November, 21
The Speaker:
Hans-Herbert Kögler is Professor of Philosophy at the University of North Florida, Jacksonville, and regular guest professor at Alpen-Adria University, Klagenfurt, Austria. Major publications include The Power of Dialogue: Critical Hermeneutics after Gadamer and Foucault (1996; 1999); Michel Foucault (2nd ed., 2004, 2016); Kultura, kritika, dialog (2006; 2014); the co-edited Empathy and Agency. The Problem of Understanding in the Human Sciences (2000; 2018); Enigma Agency (2019); the edited Reconceiving Religion in the Postsecular Public Sphere” (2020); an edited volume dedicated to Hans-Herbert Kögler’s Critical Hermeneutics (2022). Numerous essays in critical hermeneutics, critical social theory (Frankfurt School), philosophical hermeneutics, philosophy of language, poststructuralism, cultural studies, and social and political philosophy.

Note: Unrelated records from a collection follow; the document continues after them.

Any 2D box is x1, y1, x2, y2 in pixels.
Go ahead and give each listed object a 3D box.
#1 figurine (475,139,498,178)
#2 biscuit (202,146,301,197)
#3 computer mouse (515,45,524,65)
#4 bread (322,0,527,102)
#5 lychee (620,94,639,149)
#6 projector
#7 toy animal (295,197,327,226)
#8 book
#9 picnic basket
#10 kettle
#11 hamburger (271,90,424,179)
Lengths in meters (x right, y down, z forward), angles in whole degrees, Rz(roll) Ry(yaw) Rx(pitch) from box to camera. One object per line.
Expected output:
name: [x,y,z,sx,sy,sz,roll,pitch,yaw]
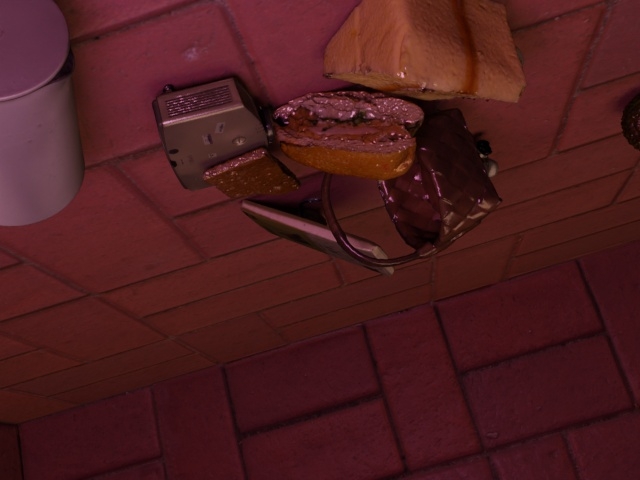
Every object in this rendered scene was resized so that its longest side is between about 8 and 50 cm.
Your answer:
figurine: [0.342,-0.165,1.678,0.147,0.126,0.192,13,131,-36]
biscuit: [-0.127,-0.119,1.344,0.131,0.026,0.237,-19,166,11]
computer mouse: [0.284,-0.326,1.288,0.182,0.056,0.089,-15,141,32]
bread: [0.163,-0.272,1.144,0.263,0.198,0.236,6,158,-31]
lychee: [0.799,-0.284,1.665,0.171,0.171,0.171,-14,160,-5]
projector: [-0.184,-0.192,1.251,0.194,0.088,0.269,-15,161,-6]
toy animal: [-0.027,-0.062,1.753,0.079,0.070,0.253,-23,157,-5]
book: [0.000,0.000,1.679,0.352,0.035,0.239,18,170,21]
picnic basket: [0.156,-0.094,1.454,0.337,0.293,0.337,-23,172,-3]
kettle: [-0.455,-0.195,0.945,0.205,0.265,0.318,-42,173,-27]
hamburger: [0.052,-0.194,1.299,0.283,0.144,0.156,7,163,15]
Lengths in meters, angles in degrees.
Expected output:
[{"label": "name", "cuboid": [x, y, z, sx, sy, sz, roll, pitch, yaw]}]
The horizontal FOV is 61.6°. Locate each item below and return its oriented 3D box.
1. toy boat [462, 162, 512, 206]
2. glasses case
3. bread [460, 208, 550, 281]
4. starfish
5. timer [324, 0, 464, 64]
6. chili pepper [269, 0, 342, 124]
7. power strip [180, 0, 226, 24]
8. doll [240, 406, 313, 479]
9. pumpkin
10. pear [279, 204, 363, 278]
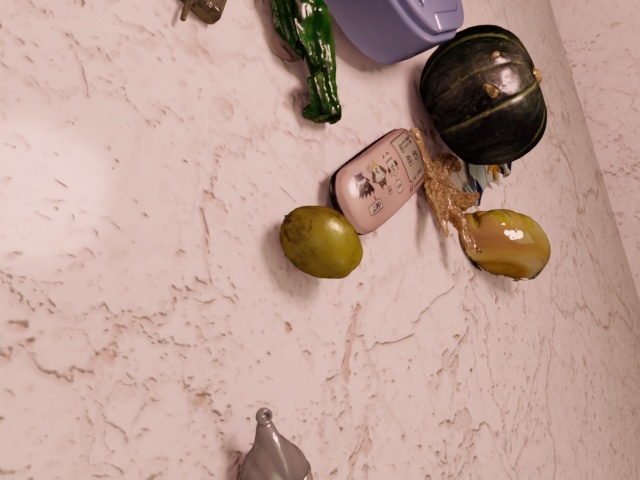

The topic Empathetic Morality, Geopolitical Power & Lasting Peace
How (not) to conceptualize the ‘multipolar world order’ after Ukraine
Abstract:This talk presents follow-up reflections on my lead essay “Democracy or Dictatorship? The Moral Call to Defend Ukraine” in the European Journal of Social Theory (Vol. 26, 4, Nov. 2023). In that essay, I invoke the moral sentiment to assist someone in danger or being attacked as a core phenomenon to ground solidarity. I qualify this sentiment with normative reflections on the need for consequentialist considerations, the recognition of the Other’s status as self-determining subject, and the universalist orientation of the ‘moral call of support.’ This normative scaffold serves to challenge the geopolitical approach that reflects solely the interests of collective players, and to normatively reject demands for an unconditional peace now. These points are developed by analyzing Putin’s imperial strategy, Dugin’s cultural essentialism, and biopolitical war practices. Normative principles are suggested based on the whole complex situation. In this talk, I will reconstruct and deepen the ethical foundation of support & solidarity (including military support) for Ukraine; suggest a theory of power & domination which overcomes the methodological and moral abstractions of geopolitical realism; rehearse the role and critique of Dugin’s Eurasian cultural essentialism in Putin’s neo-imperialist perspective; and briefly discuss the normative principles relevant for a newly emerging world order.